A. The sender or receiver of that communication;

B. A person within the range of normal unaided hearing or subnormal hearing corrected to not better than normal; or

C. A person given prior authority by the sender or receiver.

15 M.R.S.A. § 709 (4). The defendants offered the assertion in their statement of material facts that "Ms. Williamson was present during the entire time the tape recorder was running." Defendants' SMF ¶ 24. The plaintiff denied this paragraph in his response by citing paragraph 12 of his affidavit and further asserting as follows:

The tape recorder was "running" until the microphone to the same was removed by McCarthy. The Defendant Brian Shaw was not within the range of normal unaided hearing at any time when the taping occurred. Former Assistant CEO Gary Lamb was also present in the room in which the taping occurred outside the hearing distance of the Plaintiff's private conversations.

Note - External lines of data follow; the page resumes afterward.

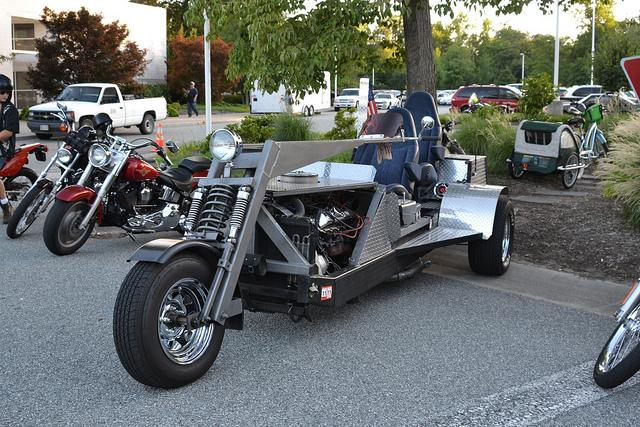How many cylinders does the engine in this custom tricycle have? Please explain your reasoning. eight. The tricycle has 8 cylinders in total. 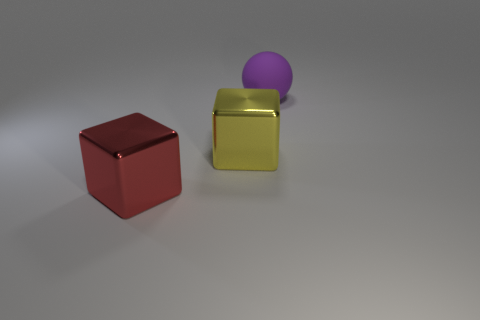Add 2 big metal cubes. How many objects exist? 5 Subtract all cubes. How many objects are left? 1 Subtract all yellow cubes. How many cubes are left? 1 Subtract 1 blocks. How many blocks are left? 1 Subtract all large things. Subtract all green metal cylinders. How many objects are left? 0 Add 1 big cubes. How many big cubes are left? 3 Add 3 big red objects. How many big red objects exist? 4 Subtract 0 gray cubes. How many objects are left? 3 Subtract all blue blocks. Subtract all red balls. How many blocks are left? 2 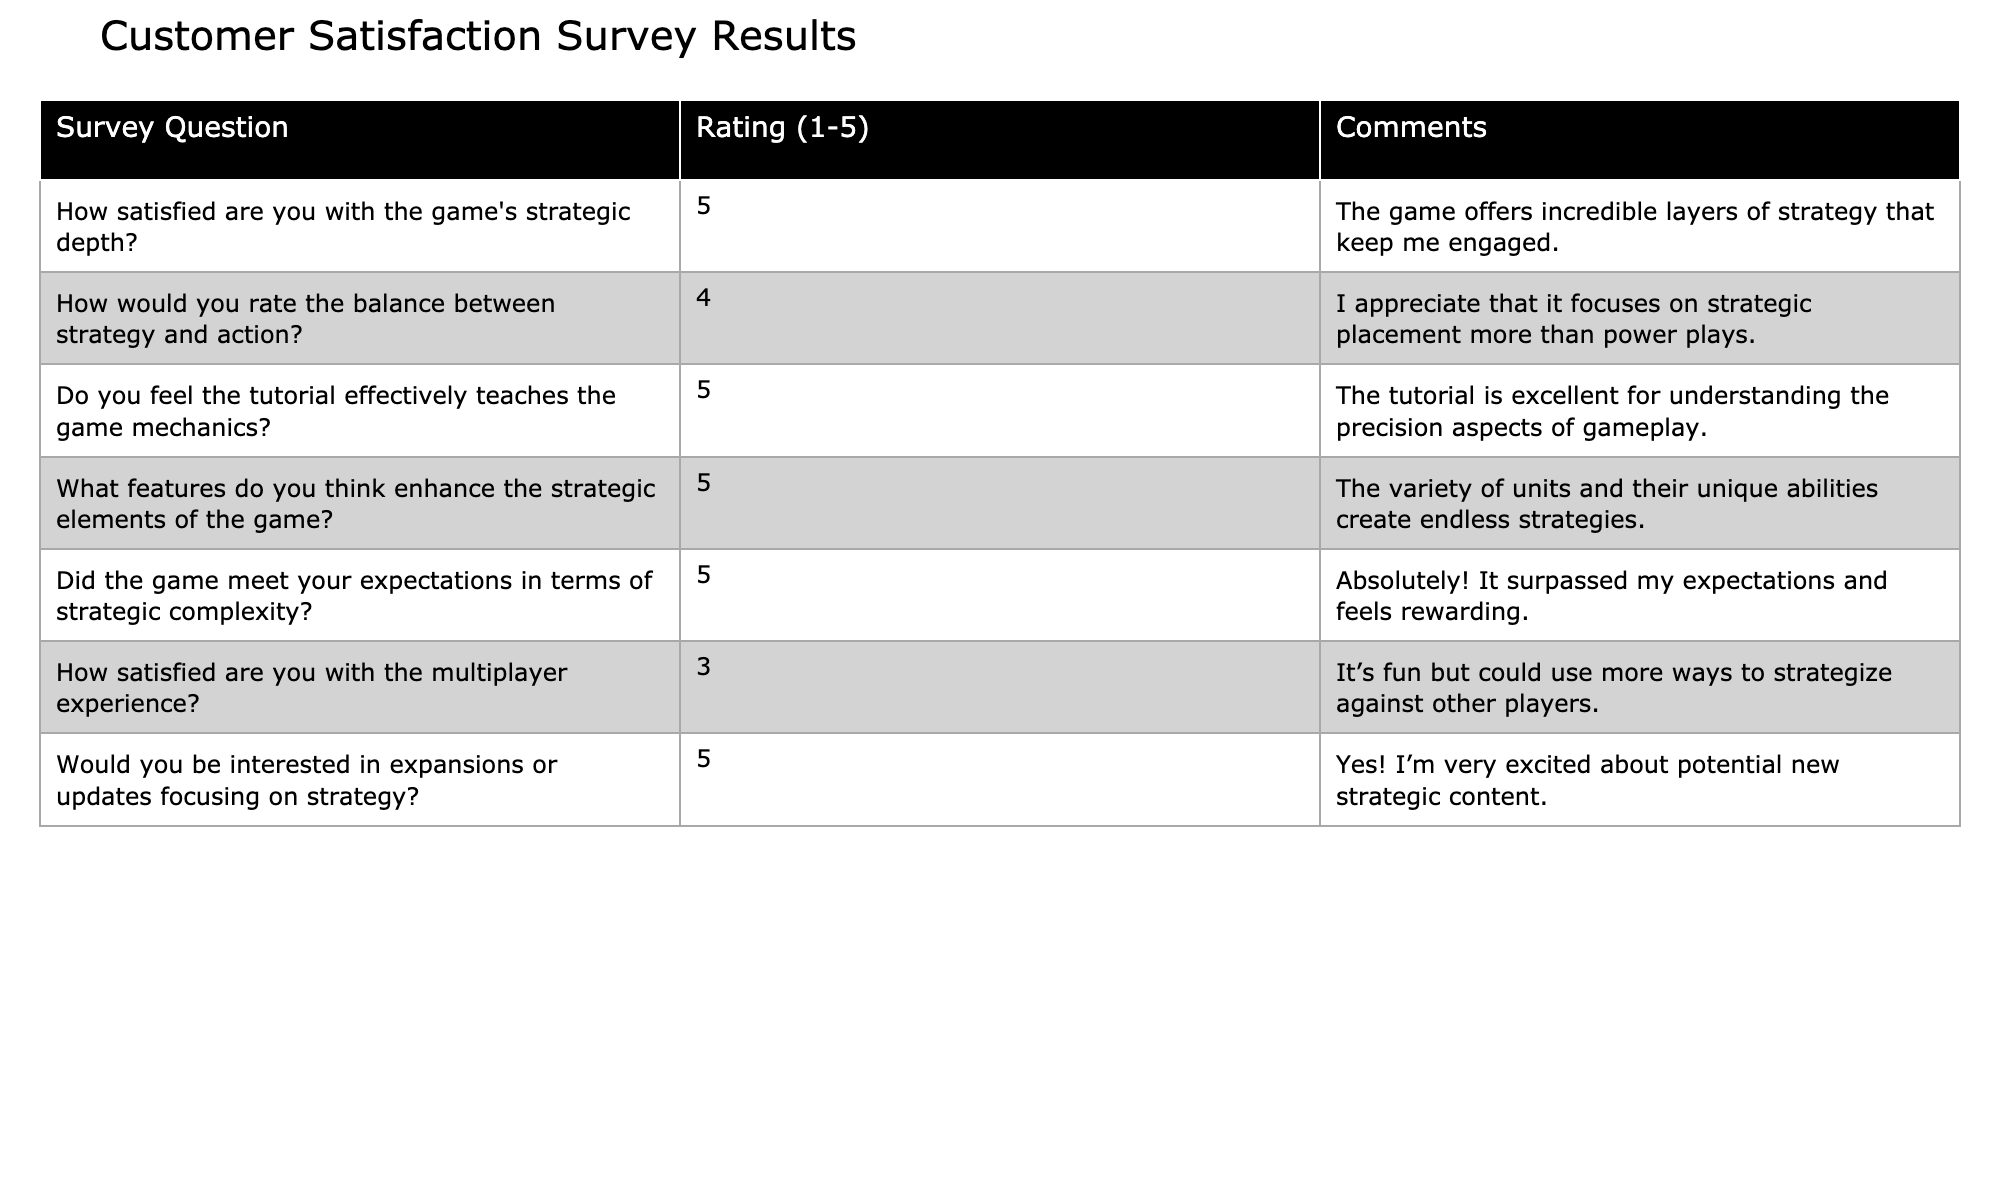What is the highest rating given for customer satisfaction? The highest rating in the table is "5," given for the questions regarding the game's strategic depth, tutorial effectiveness, features enhancing strategic elements, and meeting expectations for strategic complexity.
Answer: 5 What is the average rating for the multiplayer experience? The rating for the multiplayer experience is "3," and since there is only one rating for this category, the average is the same, which is 3.
Answer: 3 Did any features receive a rating of 1 or 2 in the survey? The table shows ratings only range from 3 to 5, and there are no ratings of 1 or 2 provided.
Answer: No Which question had the lowest rating? The lowest rating is "3," which corresponds to the satisfaction with the multiplayer experience.
Answer: Satisfaction with the multiplayer experience What is the sum of the ratings for questions related to strategic aspects of the game? The ratings for the questions about strategic aspects are 5 (strategic depth) + 4 (balance between strategy and action) + 5 (tutorial effectiveness) + 5 (features enhancing strategic elements) + 5 (strategic complexity), which totals 24.
Answer: 24 How many questions received a rating of 5? There are four questions that received a rating of 5, specifically the strategic depth, tutorial effectiveness, features enhancing strategic elements, and meeting expectations for strategic complexity.
Answer: 4 If we exclude the ratings of the multiplayer experience, what would the average rating be? Excluding the multiplayer rating (3), the remaining ratings are 5, 4, 5, 5, and 5. The sum is 24, and there are 5 ratings, so the average is 24/5 = 4.8.
Answer: 4.8 How does the satisfaction rating for the tutorial compare to the rating for the multiplayer experience? The tutorial received a rating of 5, while the multiplayer experience received a rating of 3, meaning the tutorial is rated significantly higher.
Answer: Higher What percentage of the survey responses indicated they would be interested in expansions focusing on strategy? There is one question about interest in expansions rated 5, from a total of 7 responses. To find the percentage: (1/7) * 100 = approximately 14.29%.
Answer: 14.29%

Plaintiff's Responsive SMF ¶ 24. None of these assertions respond in any way to the assertion made in paragraph 24 of the defendants' statement of material facts. Similarly, paragraph 12 of the plaintiff's affidavit does not dispute that Williamson was present at all times when the tape recorder was running. It states as follows, in its entirety:

I have read the transcript of the recording submitted by the Defendants to this Court and state that it does not accurately reflect all of my conversations and statements which I subsequently learned were subjected to interception and recording. The recording device was "running" until I personally disconnected the microphone wire from the taping equipment.

Plaintiff's Aff. ¶ 12.

By contrast, the citation to the summary judgment record given by the defendants to support paragraph 24 of their statement of material facts fully supports that paragraph. Affidavit of Audrey Williamson (Docket No. 21) ¶ 7. It is also undisputed that Williamson turned the tape recorder on. Plaintiff's SMF ¶ 13; Defendants' Responsive SMF ¶ 13. See also Exh. A to Affidavit of Melissa A. Hewey (Docket No. 29) at [3] ("Memorandum to Veleska File"). If any conversations were recorded at that time to which Williamson was not a party, the undisputed evidence in the summary judgment record establishes that she was the person using the tape recorder and that she was present and thus within normal hearing range at all times during the recording. The plaintiff's own memorandum states that Williamson shut the tape recorder off. Additional Material Facts (included in Defendant's [sic] Opposing Statement of Material Facts (Docket No. 30)) ¶ 45; Reply Statement of Material Facts of Plaintiff (Docket No. 31)9 ¶45.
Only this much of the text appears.